**Recorded data:**
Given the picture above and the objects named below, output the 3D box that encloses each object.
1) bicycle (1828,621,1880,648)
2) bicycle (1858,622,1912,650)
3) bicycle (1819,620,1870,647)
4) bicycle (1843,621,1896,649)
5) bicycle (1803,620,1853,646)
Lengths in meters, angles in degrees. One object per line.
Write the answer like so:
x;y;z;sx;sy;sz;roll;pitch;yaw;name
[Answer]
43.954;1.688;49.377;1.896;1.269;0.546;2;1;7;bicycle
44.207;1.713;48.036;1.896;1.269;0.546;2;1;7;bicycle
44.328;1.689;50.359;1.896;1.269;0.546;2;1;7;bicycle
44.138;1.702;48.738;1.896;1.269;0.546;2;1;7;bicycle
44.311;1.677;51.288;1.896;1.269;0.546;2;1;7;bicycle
---
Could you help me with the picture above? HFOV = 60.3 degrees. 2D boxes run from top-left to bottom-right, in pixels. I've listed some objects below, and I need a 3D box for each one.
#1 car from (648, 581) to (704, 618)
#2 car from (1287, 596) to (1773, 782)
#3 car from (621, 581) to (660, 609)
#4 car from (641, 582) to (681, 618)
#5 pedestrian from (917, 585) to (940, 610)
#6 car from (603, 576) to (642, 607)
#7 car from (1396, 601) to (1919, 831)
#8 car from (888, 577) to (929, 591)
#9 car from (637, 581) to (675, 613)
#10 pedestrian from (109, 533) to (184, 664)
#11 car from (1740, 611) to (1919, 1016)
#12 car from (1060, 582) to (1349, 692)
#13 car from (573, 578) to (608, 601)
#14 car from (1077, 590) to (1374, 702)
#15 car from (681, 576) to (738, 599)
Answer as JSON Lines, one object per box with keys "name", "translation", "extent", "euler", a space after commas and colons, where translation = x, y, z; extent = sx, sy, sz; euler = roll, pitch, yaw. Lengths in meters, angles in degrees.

**Task directions:** Look back at the entries above and repeat, unchanged, every line from the line holding "#12 car from (1060, 582) to (1349, 692)" through the line holding "Answer as JSON".

**Exercise answer:**
#12 car from (1060, 582) to (1349, 692)
#13 car from (573, 578) to (608, 601)
#14 car from (1077, 590) to (1374, 702)
#15 car from (681, 576) to (738, 599)
Answer as JSON Lines, one object per box with keys "name", "translation", "extent", "euler", a space after commas and colons, where translation = x, y, z; extent = sx, sy, sz; euler = roll, pitch, yaw. Lengths in meters, angles in degrees.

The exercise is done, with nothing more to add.